Frascari F, Bieth E, Galinier P, Just W, Mazereeuw-Hautier J
Service de dermatologie, centre de référence des maladies rares de la peau, université Paul-Sabatier, hôpital Larrey, CHU de Toulouse, 24, chemin de Pouvourville, TSA 30030, 31059 Toulouse cedex 9, France.
Ann Dermatol Venereol. 2012 Aug-Sep;139(8-9):550-4. doi: 10.1016/j.annder.2012.05.006. Epub 2012 Jul 6.
Branchio-Oculo-Facial Syndrome (BOFS, MIM#113620) is a rare, polymalformational disorder with cutaneous and ocular abnormalities and characteristic facial anomalies. It is an autosomal dominant developmental disorder caused by mutations or deletions in the transcription factor AP-2 alpha gene (TFAP2A, 6p24). We report a new case of atypical BOFS with a unilateral cervical cutaneous defect.
A 5-year-old girl was admitted to our dermatology department for a congenital, linear, erythematous cutaneous anomaly on the right side of her neck. There was no family history. She also presented characteristic facial and ocular anomalies. BOFS was suspected. TFAP2A molecular analysis revealed a heterozygous missense mutation c.767C>T (p.Ala256Val).

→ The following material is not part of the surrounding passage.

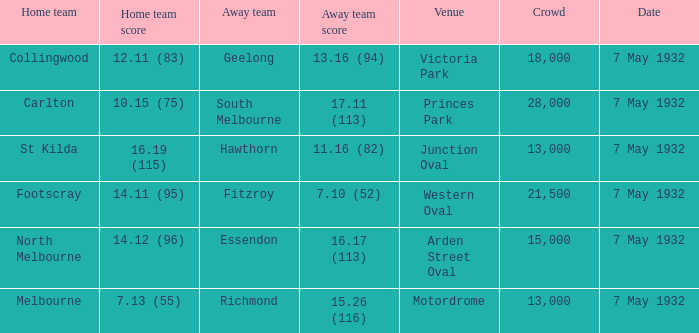Which home team has a Away team of hawthorn? St Kilda.

BOFS is variable and remains unknown to dermatologists in spite of distinctive cutaneous features. Identification of this syndrome is important to improving medical care (multidisciplinary care, further tests, genetic counselling). We report a case of atypical BOFS with a unilateral cervical cutaneous defect in one patient and bilateral cutaneous anomalies in the other four patients. In agreement with the literature, there did not appear to be mutation-specific genotype-phenotype correlations.

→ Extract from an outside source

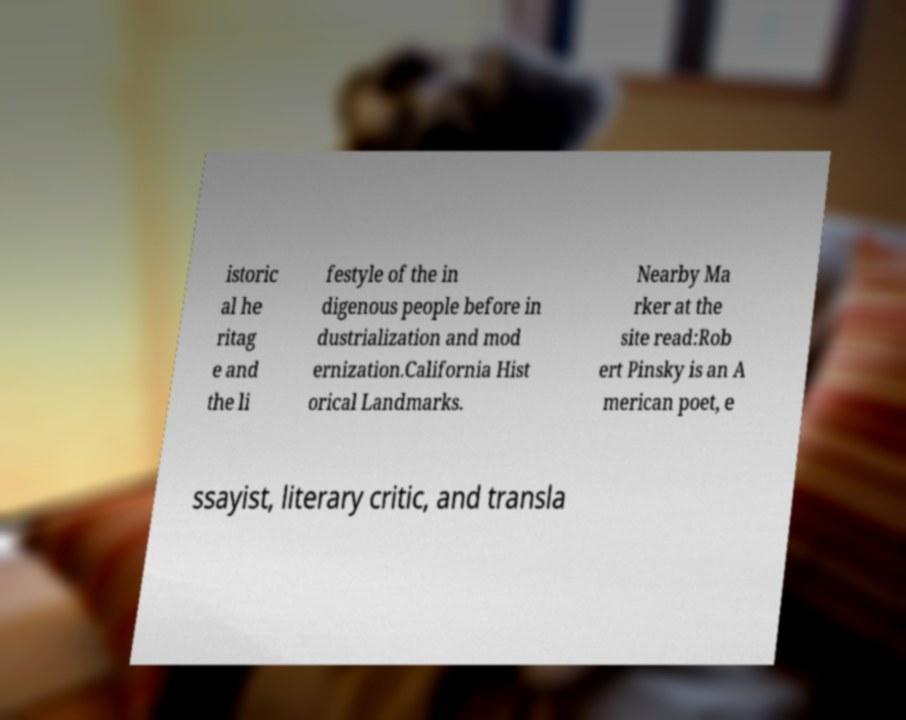Please identify and transcribe the text found in this image. istoric al he ritag e and the li festyle of the in digenous people before in dustrialization and mod ernization.California Hist orical Landmarks. Nearby Ma rker at the site read:Rob ert Pinsky is an A merican poet, e ssayist, literary critic, and transla

鳃-眼-面综合征(BOFS,MIM#113620)是一种罕见的多畸形综合征,伴有皮肤和眼部异常以及特征性面部畸形。它是一种常染色体显性发育障碍,由转录因子AP-2α基因(TFAP2A,6p24)的突变或缺失引起。我们报告了一例伴有单侧颈部皮肤缺损的非典型BOFS新病例。
一名5岁女孩因颈部右侧先天性线状红斑性皮肤异常入住我院皮肤科。无家族病史。她还表现出特征性面部和眼部畸形。怀疑为BOFS。TFAP2A分子分析显示杂合错义突变c.767C>T(p.Ala256Val)。
BOFS具有变异性,尽管有独特的皮肤特征,但皮肤科医生对此仍不了解。识别该综合征对于改善医疗护理(多学科护理、进一步检查、遗传咨询)很重要。我们报告了一例患者出现单侧颈部皮肤缺损、另外四例患者出现双侧皮肤异常的非典型BOFS病例。与文献一致,似乎不存在特定突变的基因型-表型相关性。